45. Las carretas
TODOS quedaron inmóviles mirando hacia arriba. Sus ojos se clavaban en el montecillo en el que se abría la gruta de fray Perico. El fraile temblaba, aquella voz se parecía a la de Juan Martín.
—¿Cuántos son? —preguntaban desde abajo.
—Treinta carros bien cargados. ¡Cómo rechinan! Va a haber buen botín. Nos pondremos las botas.
—¿Y soldados?
—Delante vendrán unos treinta.
—¿Y detrás?
—Unos setenta.
Los hombres comenzaron a contar cuántos eran y se armó un revuelo de mil demonios.
—Son ochenta.
—Son cien.
—Son mil.
—¡Imbéciles! —gritaba la voz—. ¡A las armas! Dentro de un cuarto de hora están aquí.
Los guerrilleros corrieron y subieron por los senderos, saltando como liebres entre las piedras.
—Preparad los peñascos, que sean grandes y rueden bien.
Fray Perico lo miraba todo con espanto. No pudo aguantar más y salió dando voces.
—¿Qué hacéis? ¿Vais a echar a rodar esas piedras?
Los guerrilleros se dieron un susto morrocotudo.
—¿Quién es éste? ¿Algún ermitaño?
El Empecinado se quedó patidifuso.
—¿Qué haces aquí, fray Perico?
—Huyendo de la guerra, me metí en esta cueva.

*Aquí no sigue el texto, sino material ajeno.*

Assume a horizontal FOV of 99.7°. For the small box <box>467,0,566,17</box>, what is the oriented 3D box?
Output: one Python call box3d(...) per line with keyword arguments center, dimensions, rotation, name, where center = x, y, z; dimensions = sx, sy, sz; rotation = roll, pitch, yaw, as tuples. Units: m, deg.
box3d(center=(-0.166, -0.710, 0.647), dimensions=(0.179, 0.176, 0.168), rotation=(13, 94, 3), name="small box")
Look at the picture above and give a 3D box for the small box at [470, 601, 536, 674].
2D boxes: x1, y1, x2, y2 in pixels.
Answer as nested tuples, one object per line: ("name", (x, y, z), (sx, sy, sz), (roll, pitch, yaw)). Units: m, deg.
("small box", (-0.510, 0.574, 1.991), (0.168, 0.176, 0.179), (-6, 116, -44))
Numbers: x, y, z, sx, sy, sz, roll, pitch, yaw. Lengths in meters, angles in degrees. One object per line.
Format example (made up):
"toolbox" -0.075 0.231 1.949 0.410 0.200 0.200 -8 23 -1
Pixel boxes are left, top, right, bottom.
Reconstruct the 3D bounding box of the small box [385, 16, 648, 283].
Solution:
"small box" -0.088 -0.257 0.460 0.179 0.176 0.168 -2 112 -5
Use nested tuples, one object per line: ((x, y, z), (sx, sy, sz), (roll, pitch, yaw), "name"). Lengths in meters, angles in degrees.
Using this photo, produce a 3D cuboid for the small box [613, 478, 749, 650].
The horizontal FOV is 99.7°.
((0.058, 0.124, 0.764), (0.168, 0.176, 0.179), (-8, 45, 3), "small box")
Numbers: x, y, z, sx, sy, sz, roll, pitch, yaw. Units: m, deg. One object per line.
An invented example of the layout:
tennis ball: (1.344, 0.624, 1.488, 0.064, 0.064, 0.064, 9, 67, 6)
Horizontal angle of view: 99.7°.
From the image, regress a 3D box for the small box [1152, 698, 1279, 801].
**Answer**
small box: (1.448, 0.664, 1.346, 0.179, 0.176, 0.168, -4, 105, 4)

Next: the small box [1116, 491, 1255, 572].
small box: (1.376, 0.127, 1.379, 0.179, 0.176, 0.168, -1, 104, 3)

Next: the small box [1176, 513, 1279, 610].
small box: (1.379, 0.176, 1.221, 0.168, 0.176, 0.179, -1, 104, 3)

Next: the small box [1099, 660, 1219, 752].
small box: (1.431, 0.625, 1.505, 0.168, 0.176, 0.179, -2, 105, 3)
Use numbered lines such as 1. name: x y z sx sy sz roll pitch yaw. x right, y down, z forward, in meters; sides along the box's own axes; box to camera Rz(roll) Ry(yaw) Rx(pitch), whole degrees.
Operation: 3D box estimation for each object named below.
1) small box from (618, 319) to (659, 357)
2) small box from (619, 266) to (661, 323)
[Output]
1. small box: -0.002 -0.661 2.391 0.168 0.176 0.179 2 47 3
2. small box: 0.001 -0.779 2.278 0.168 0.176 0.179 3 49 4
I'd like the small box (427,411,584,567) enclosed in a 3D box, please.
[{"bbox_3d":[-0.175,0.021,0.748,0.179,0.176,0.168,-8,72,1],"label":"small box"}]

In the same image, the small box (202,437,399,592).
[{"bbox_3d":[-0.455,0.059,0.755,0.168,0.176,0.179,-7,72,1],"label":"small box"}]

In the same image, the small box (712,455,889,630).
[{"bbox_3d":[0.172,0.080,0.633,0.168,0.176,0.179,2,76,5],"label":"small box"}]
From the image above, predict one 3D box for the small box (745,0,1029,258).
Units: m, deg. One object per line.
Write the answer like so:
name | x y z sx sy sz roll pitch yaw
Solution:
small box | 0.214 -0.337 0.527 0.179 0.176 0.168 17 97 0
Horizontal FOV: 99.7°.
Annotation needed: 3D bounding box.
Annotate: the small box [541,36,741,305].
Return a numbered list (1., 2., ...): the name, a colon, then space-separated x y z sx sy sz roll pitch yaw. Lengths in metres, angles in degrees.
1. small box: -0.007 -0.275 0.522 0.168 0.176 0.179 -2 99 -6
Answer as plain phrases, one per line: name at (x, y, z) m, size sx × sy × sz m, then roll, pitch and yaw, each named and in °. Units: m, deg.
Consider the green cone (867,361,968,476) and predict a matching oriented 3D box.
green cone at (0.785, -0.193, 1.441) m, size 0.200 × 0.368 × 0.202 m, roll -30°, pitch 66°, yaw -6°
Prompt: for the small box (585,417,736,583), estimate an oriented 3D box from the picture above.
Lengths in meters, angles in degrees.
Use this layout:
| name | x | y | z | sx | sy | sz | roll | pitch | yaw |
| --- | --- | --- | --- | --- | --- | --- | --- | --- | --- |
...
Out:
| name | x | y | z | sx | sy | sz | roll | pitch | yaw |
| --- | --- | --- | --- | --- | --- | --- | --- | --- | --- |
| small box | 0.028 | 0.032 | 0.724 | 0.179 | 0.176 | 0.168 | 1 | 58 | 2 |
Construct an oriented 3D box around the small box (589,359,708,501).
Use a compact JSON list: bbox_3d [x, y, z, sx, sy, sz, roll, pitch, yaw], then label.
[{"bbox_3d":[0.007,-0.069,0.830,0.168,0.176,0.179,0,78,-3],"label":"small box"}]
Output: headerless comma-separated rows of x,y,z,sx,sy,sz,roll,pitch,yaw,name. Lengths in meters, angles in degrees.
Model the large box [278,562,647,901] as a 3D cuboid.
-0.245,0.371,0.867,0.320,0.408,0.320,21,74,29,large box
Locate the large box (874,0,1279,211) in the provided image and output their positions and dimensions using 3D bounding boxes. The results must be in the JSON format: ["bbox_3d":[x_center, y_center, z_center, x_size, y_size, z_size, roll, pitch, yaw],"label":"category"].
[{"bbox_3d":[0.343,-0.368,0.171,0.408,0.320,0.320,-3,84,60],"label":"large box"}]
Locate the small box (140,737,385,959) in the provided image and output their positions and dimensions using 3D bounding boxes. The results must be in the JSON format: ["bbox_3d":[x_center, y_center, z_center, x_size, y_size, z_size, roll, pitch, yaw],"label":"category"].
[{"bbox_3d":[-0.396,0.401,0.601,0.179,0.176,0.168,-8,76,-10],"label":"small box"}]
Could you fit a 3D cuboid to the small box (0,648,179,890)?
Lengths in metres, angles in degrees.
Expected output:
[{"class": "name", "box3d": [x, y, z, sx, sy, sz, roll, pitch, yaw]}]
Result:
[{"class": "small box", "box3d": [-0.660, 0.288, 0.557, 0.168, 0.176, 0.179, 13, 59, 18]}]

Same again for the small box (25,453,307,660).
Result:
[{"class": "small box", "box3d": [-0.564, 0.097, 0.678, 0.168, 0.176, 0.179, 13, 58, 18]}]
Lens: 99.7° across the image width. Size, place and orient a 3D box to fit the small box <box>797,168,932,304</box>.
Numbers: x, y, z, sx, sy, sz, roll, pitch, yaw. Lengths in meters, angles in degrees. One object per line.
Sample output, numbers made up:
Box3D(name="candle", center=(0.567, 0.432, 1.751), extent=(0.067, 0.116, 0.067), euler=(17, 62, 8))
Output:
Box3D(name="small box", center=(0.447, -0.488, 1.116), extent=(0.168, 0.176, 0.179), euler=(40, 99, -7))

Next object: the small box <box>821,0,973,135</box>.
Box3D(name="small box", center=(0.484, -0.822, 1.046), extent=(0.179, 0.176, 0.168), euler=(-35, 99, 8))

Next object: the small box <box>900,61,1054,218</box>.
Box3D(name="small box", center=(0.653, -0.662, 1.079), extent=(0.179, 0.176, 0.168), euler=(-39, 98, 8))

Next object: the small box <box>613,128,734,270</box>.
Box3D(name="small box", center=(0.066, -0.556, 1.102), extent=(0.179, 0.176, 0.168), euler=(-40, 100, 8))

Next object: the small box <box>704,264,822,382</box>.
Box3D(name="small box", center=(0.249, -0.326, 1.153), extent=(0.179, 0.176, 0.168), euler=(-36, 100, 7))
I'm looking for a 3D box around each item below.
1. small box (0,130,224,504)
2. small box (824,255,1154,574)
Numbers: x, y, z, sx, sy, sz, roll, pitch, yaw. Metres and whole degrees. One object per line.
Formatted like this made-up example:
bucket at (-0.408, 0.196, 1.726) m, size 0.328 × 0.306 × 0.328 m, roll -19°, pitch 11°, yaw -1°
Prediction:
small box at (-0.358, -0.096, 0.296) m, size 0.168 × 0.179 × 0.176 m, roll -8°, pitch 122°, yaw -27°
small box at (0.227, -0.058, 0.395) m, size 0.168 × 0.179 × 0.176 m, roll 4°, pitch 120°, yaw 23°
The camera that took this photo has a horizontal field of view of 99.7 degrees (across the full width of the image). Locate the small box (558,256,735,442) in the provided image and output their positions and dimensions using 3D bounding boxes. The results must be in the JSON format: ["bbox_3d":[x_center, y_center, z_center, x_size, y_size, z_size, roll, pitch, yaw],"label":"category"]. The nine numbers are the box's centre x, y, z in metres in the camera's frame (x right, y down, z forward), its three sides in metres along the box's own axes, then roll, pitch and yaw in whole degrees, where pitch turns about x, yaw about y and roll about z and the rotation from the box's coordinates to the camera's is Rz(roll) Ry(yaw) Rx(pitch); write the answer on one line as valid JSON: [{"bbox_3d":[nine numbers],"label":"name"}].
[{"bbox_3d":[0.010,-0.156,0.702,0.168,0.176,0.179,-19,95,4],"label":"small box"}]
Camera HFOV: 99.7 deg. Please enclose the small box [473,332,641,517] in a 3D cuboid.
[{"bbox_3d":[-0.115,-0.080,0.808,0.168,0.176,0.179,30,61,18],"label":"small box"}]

Juan Martín se partía de risa.
—Huyendo de una avispa, has caído en un avispero. Verás dentro de poco rato la que se arma.
Nada más decir esto, apareció el primer francés. Era un capitán de dragones con unos grandes bigotes. Junto a él caminaba, en otro caballo, un teniente más joven.
—Me huele a emboscada —murmuró el teniente.
—Siempre dices lo mismo. Así que ves una piedra más alta que otra o dos árboles juntos, te huele a chamusquina.